Pensar as questões educacionais a partir das práticas sociais. Articular a
formação social com o processo de transformação dessa forma de sociedade.
Problema da pandemia se dá em um contexto de problemas sociais crônicos.

Política atual no Brasil

Golpe 2016. Aprofundamento das mazelas do neoliberalismo, submissão ao


rentismo e capitalismo financeiro. Destruição das industrias. Operando uma espécie
inédita de autocolonização do país.

Politica de substituição de importações vem sendo revertido. O entendimento


corrente de um país subdesenvolvido era a de um país menos desenvolvido. Daí a
ideia de que ele precisa e desenvolver para chegar a se tornar desenvolvido. Mas o
conceito de subdesenvolvimento não significa isso, porque isso seria um pré-
desenvolvimento. O subdesenvolvido significa um desenvolvimento subordinado
(exporta matéria prima e importa manufaturado).

Resistência Ativa – Estratégia que ele propôs ao final do livro sobre a nova LDB.
Participou da aprovação da LDB 87/88. Houve um revertério no senado, projeto
mudado por Darcy Ribeiro, sob o efeito de FHC. Uma politica educacional que já
apontava nessa direção neoliberal que veio a prevalecer. Lei aprovada em dezembro
de 1996. Em 1997 lança o livro A nova lei da educação.

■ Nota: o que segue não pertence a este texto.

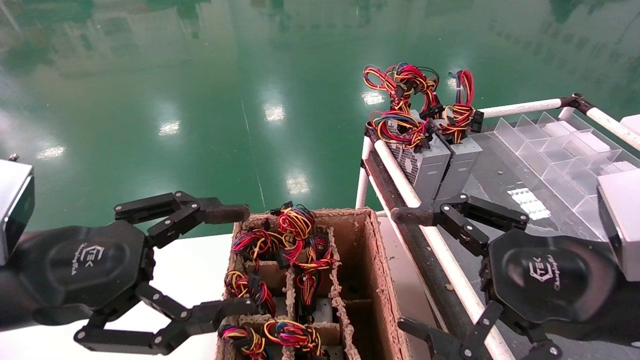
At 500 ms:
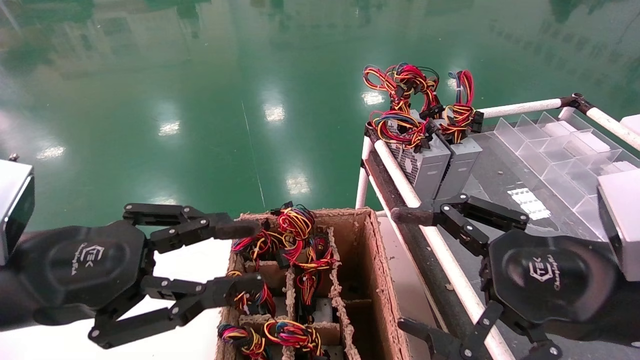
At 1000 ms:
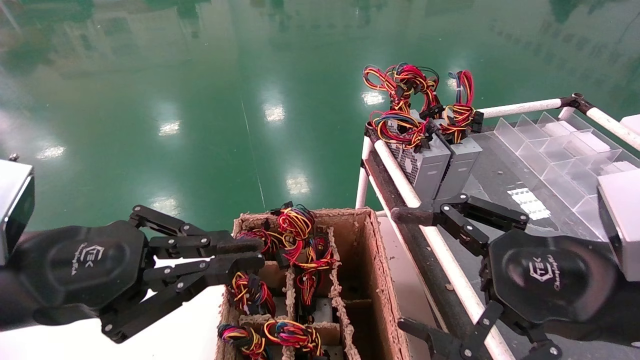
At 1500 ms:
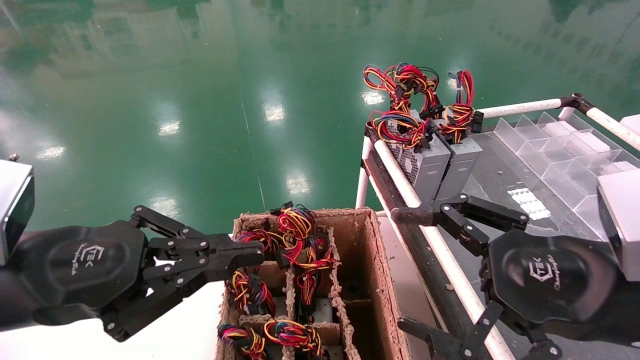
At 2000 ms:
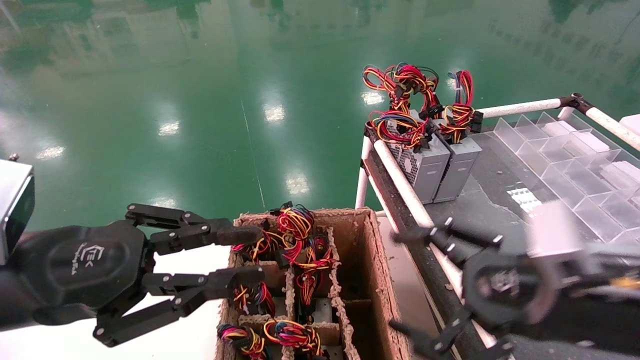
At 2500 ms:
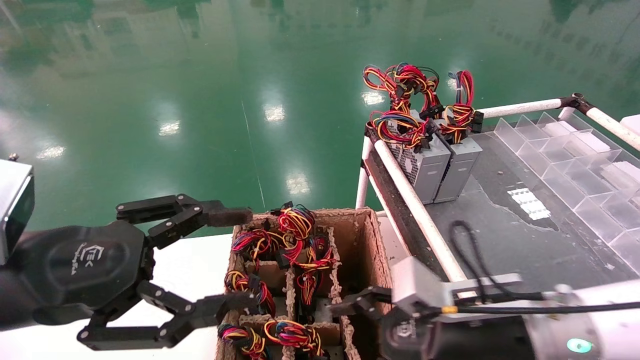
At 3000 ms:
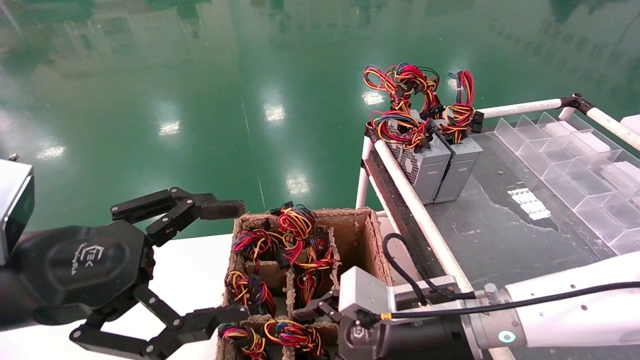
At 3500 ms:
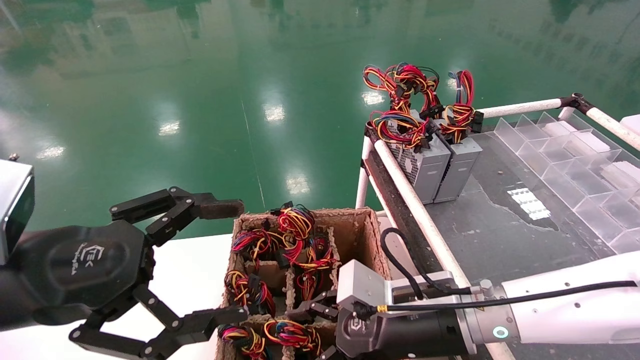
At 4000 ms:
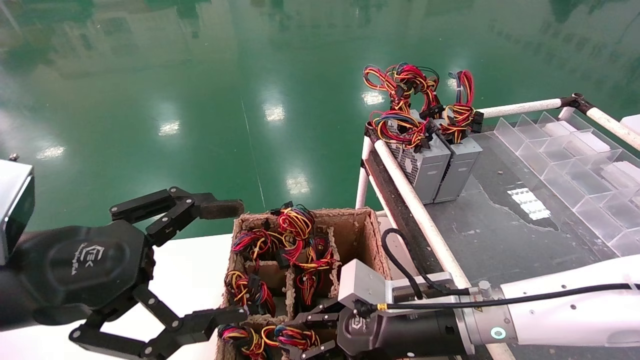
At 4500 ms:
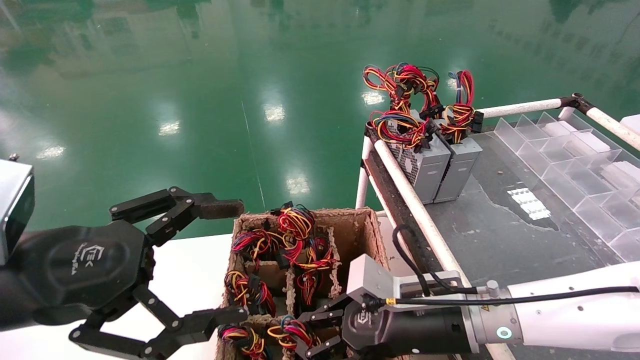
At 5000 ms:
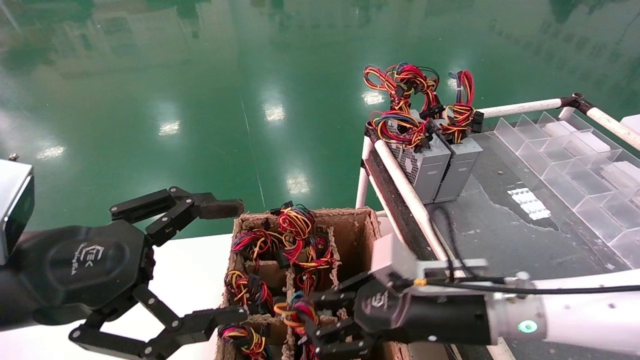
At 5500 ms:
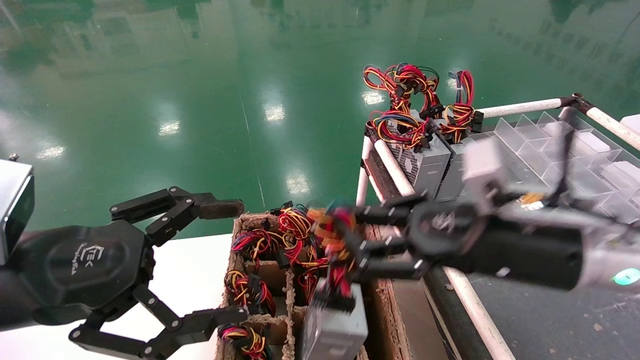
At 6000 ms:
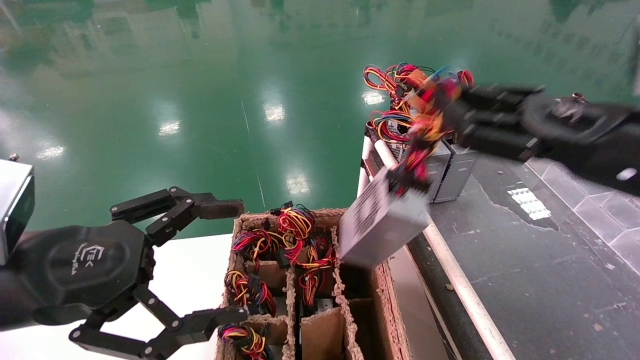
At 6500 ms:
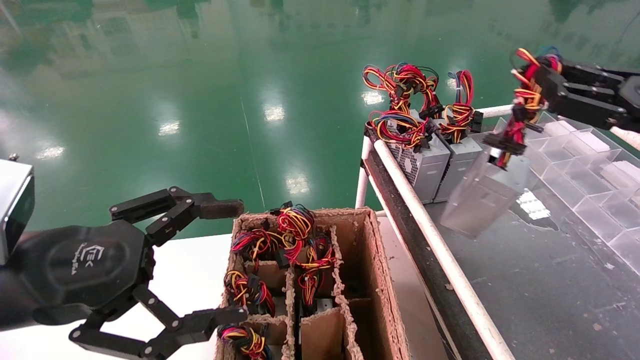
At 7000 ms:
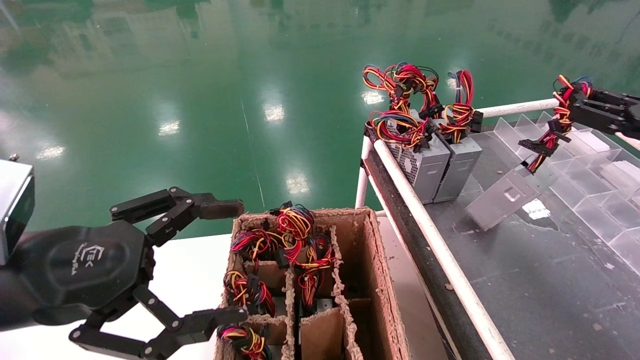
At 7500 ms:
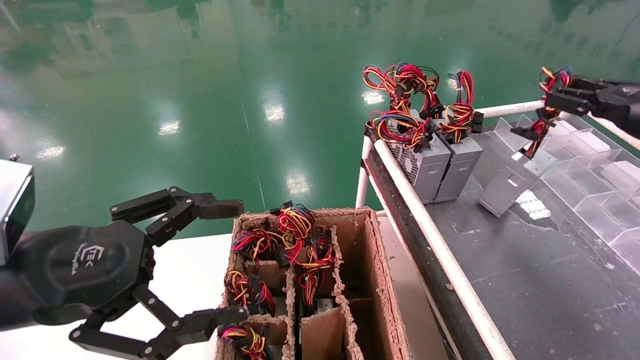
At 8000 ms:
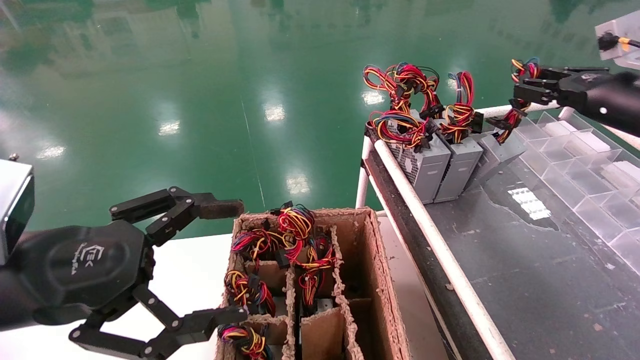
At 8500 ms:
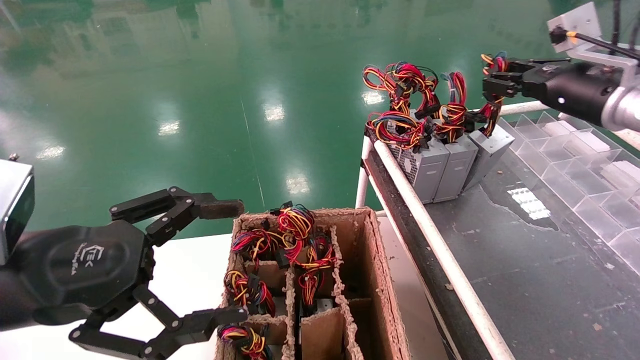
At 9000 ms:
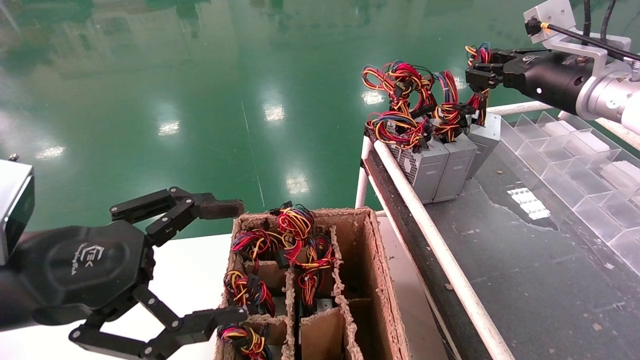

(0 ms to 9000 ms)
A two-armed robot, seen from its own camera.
Step, 1500 ms - 4000 ms: Grab and lift the power supply from the large box.
0 ms - 2000 ms: The right gripper shifts by about 5 cm. The left gripper closes its fingers.
2000 ms - 4500 ms: The right gripper travels to the left, downward and forward by about 15 cm, and closes its fingers; the left gripper opens its fingers.
4500 ms - 7000 ms: The right gripper goes some 35 cm to the right and upward.
7000 ms - 9000 ms: The right gripper moves to the left, forward and upward, about 15 cm.

Resistencia ativa: não adiantava resistir passivamente. Eu resisto, eu discordo. Mas


apenas manifesto a minha discordância. Então a resistência ativa supunha dois
requisitos: 1) que fosse coletiva. Mobilização de todos os profissionais da educação,
articulados com os professores, sindicatos de demais trabalhadores, movimentos
sociais populares; 2) tivesse proposta alternativa.

Ultimamente tenho retomado isso. Na resistência à politica atual, a essa direita.

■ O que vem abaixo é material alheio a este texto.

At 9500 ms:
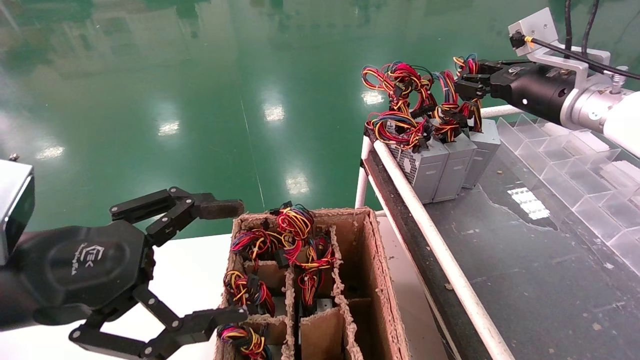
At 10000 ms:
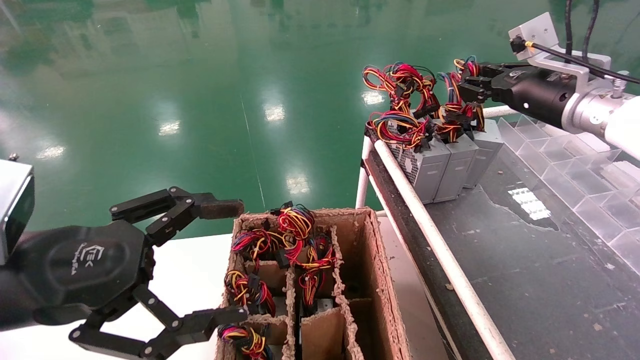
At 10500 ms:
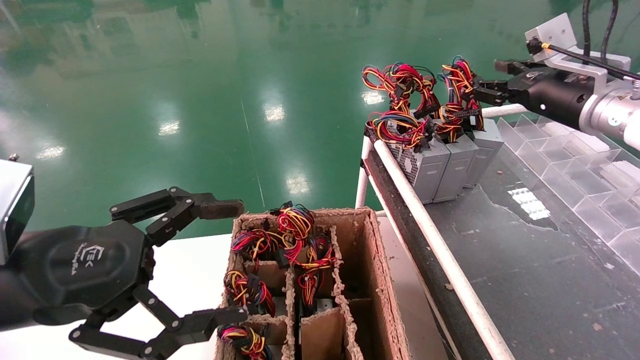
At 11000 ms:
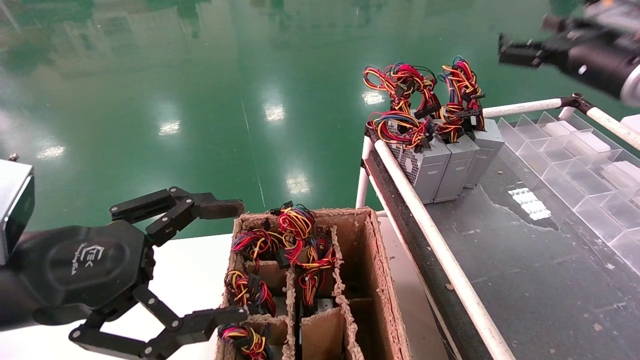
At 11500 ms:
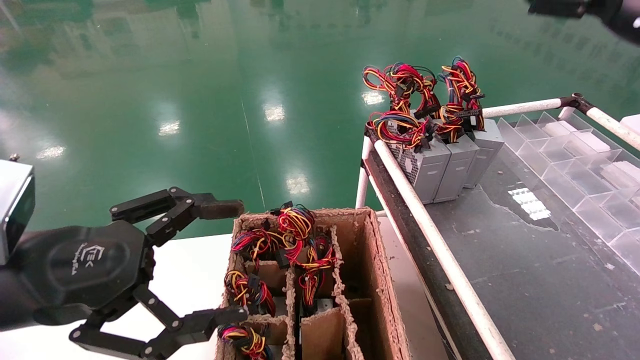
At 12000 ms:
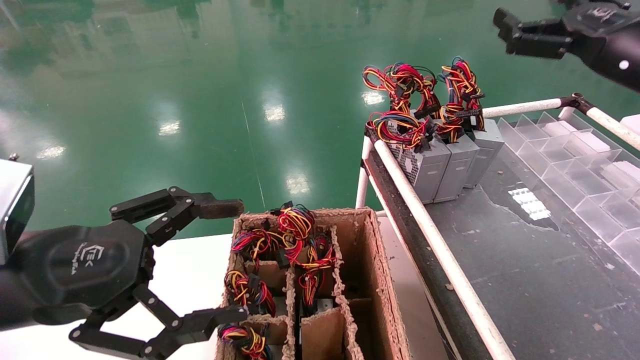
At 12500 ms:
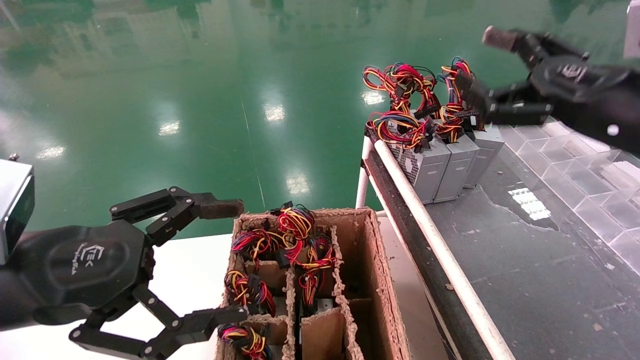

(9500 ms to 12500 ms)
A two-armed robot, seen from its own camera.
9500 ms - 11000 ms: The right gripper heads to the right, covering approximately 5 cm, and opens up.
11000 ms - 12500 ms: The right gripper heads backward, downward and to the left, covering roughly 15 cm.

Resistencia que implica mobilização ampla, coletiva (sindicatos, movimentos
sociais, partidos de oposição).

O Papel da escola

Não é verdade que vivemos na sociedade do conhecimento. Vivemos na sociedade


da informação, que não é a mesma coisa que conhecimento. Conhecimento supõe a
compreensão das relações, das estruturas, do modo como a realidade está
estruturada. Do modo como a sociedade se desenvolveu, funciona. O conhecimento
é o domínio dessas relações.
O que está acessível a um clique são as informações. Pra ter acesso ao conhecimento
eu preciso ir além desses meios, desses instrumentos. E ainda é a escola onde posso
ter acesso aos conhecimentos. Alias, o próprio elemento pressuposto para eu ter
acesso as informações pela internet é na escola que se obtem, é a alfabetização.

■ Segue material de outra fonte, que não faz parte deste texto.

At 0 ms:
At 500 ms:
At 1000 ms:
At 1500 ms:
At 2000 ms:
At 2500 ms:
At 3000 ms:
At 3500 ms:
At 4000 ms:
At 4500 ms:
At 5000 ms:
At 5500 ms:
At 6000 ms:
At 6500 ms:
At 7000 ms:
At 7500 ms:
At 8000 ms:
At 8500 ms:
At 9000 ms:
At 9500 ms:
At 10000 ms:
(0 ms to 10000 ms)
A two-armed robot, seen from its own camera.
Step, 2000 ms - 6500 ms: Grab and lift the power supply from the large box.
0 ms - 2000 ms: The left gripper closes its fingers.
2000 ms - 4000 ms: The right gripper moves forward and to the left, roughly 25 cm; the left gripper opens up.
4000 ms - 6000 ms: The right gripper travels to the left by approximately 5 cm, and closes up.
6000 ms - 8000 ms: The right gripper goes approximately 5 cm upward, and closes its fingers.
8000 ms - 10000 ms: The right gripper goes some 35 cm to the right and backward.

A forma mais apropriada para se passar da condição de analfabeto para alfabetizado


é a forma escolar. Além disso, há um problema de outra ordem. Está bem, com os
meios das chamadas tecnologias digitais, tenho acesso aos mais varados tipos de
informações. Mas como é que eu vou distinguir as informações relevantes das
irrelevantes? E como é que eu vou distinguir as verdadeiras das falsas? Isso não está
dado pelos meios de informação. Isso está dado pelo domínio dos conhecimentos
que eu vou adquirir nas escolas. A partir ds escolas tenho uma formação que me
permite captar como a realidade está estruturada, quais são as relações fundamentais
que preside a vida humana, e a partir daí aprendo a distinguir, desenvolvo critérios
de distinção. Passo a acessar a internet, as informações, mas tenho esses critérios.

Papel fundamental e ainda mais importante nessas condições em que as informações


são disseminadas de forma caótica e com uma mistura enorme do que é falso e
verdadeiro. Relevante e irrelevante.